Suddenly the loud mechanical noise of nuts being mutilated into a paste completely stopped. “You stupid machine!” Cindy began pounding on the poor devil with his fists. He crawled behind the machine (which was large enough to block him completely from my view) and began to tinker.

In only a minute or so, the almond grinder was working again but he stayed behind and continued to fiddle in an attempt to get the peanut side going again. This was my chance. The almond butter was grinding again and the tub was nearly full. I got close enough to grab a lid, and prepared to slap it on the tub the very second it was full and make a dash for it. For the next few seconds I continued to ready myself and double checked to make sure the butternut squash was buckled in. It was going to be a bumpy ride.

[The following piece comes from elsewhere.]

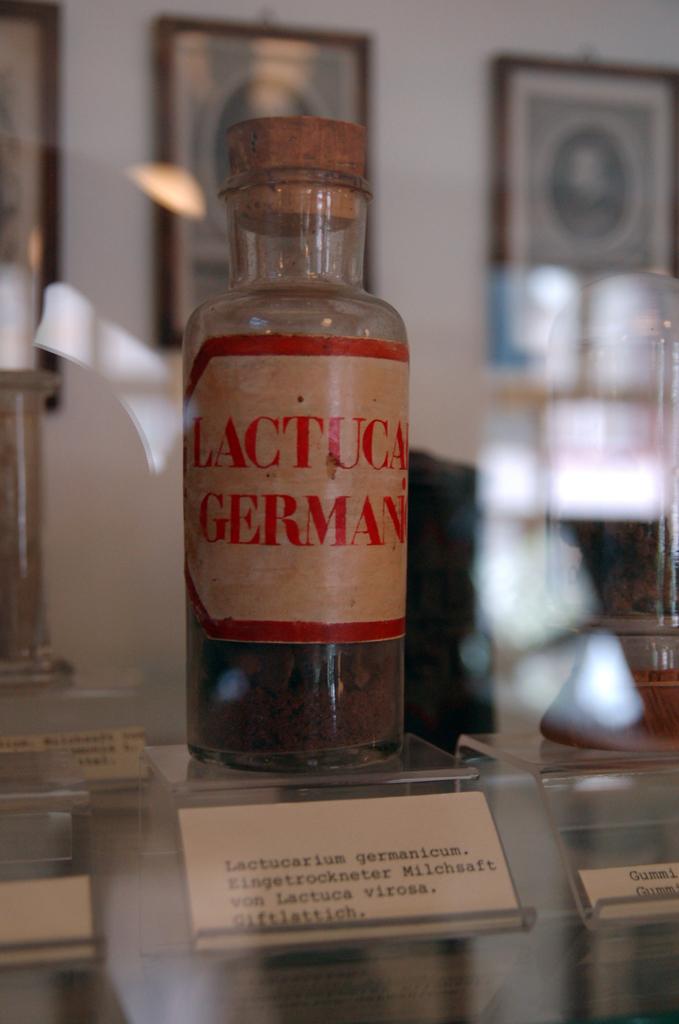What is written on that label?
Offer a very short reply. Lactuca german. 
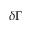<formula> <loc_0><loc_0><loc_500><loc_500>\delta \Gamma</formula> 
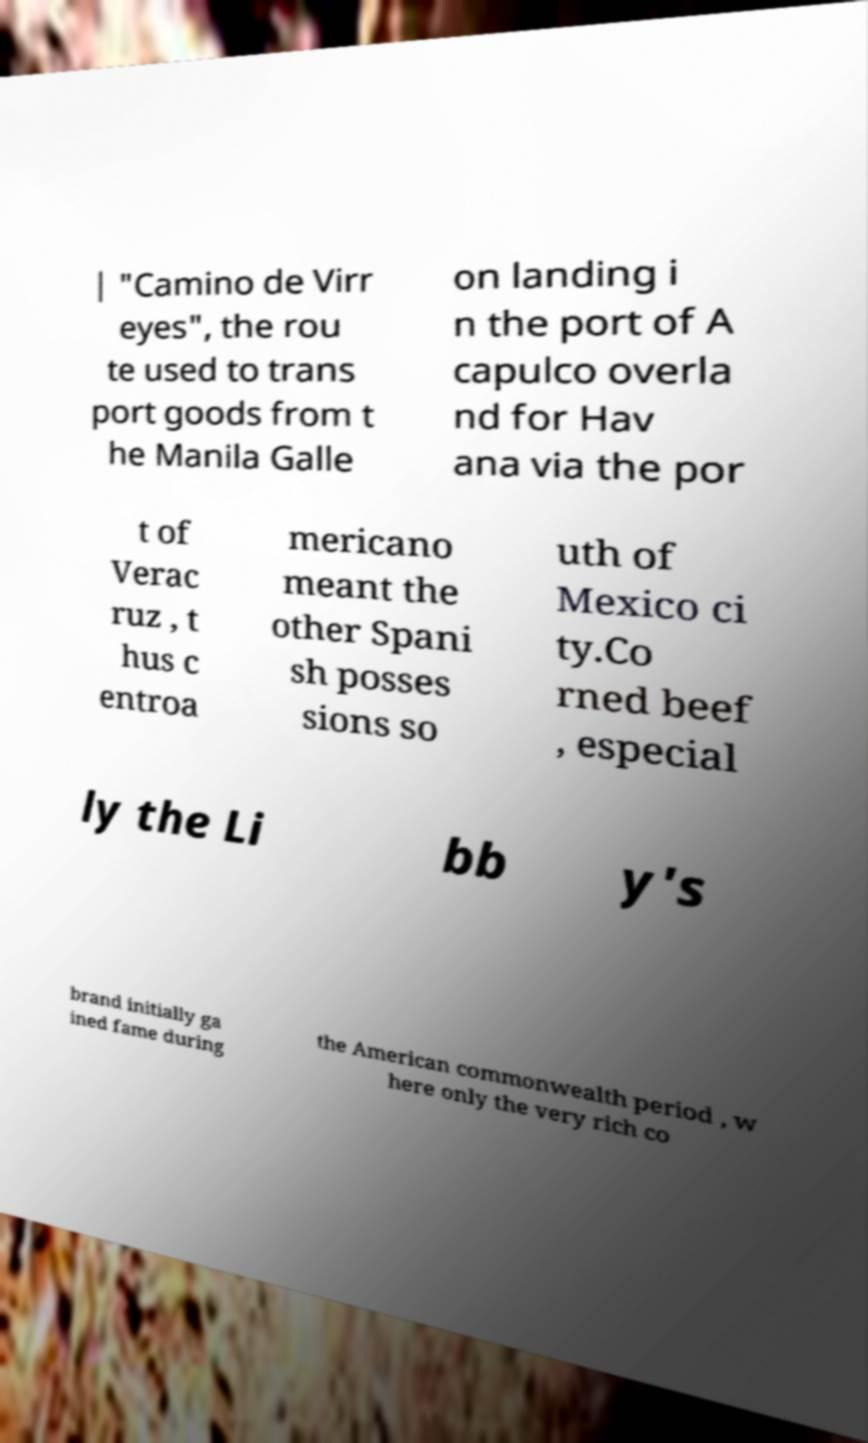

The moment came. I slapped that lid on with a sudden burst of adrenaline, tucked it into my snazzy overcoat and then began to row faster than I’ve ever rowed before. “Hey! You forgot your peanut butter!” He grabbed the only half full peanut butter tub and began to chase me. I weaved in and out of aisles, narrowly avoiding a few collisions with other customers. Cindy must have realized he was no match for me on foot. I thought I’d lost him when he disappeared behind me, only to reaper a moment later on a motorized scooter cart and boy howdy, was that thing moving.

I thought for sure my arms would give out any minute and if not my arms, the stale baguette could snap at any moment. My cart nearly tipped onto its side as I made a sharp turn down the vitamin supplement aisle, with Cindy still close behind. I made a right, back into the produce section and nearly rammed into Loiyd, who narrowly escaped while putting some finishing touches on his beet Taj Mahal. I swerved past the frozen food aisle, chills running down my spine as the refrigerated air blasted my face.

I couldn’t believe I still hadn’t lost him. Anyone shy of superhuman would have given up by now. I made it back towards the front of the store, but he was so close I could have reached back and touched him. It was a final effort, seeing no other way out I drove onto a ramp shaped energy bar display and went crashing though a table of oils. I was able to get away, with Cindy sliding through the oil slick and flying down a long aisle towards the back of the store.

I could see the exits up ahead and just when I thought I’d made it, the baguette snapped in half, rendering it completely useless as an oar. I leapt out of the cart and unbuckled the butternut squash. I tucked it under my arm like a football and grabbed the shopping cart handle. I closed my eyes and let out a yell as I charged towards the door. The wheel was now haywire again without my dispersed weight over it and it jerked the cart out of my hands. I opened my eyes to see it spinning out of control in front of me. It went flying into the doors, forcing them open in front me as I barley squeezed through. It had been such an emergency, I wasn’t even been able to use the checkout and would have to send reimbursement through the mail.

I got to my car, started the engine and squealed out of the parking lot with the butternut squash and the almond butter buckled up in the passenger’s seat next to me. I had done it. I had not only survived another day in the field but also managed to complete my mission and report back to H.Q. with valuable information pertaining to intended world domination and the D.O.G.W.A.L.K.E.R. agency’s choice in poison.

It was a job well done, and a Tuesday well spent.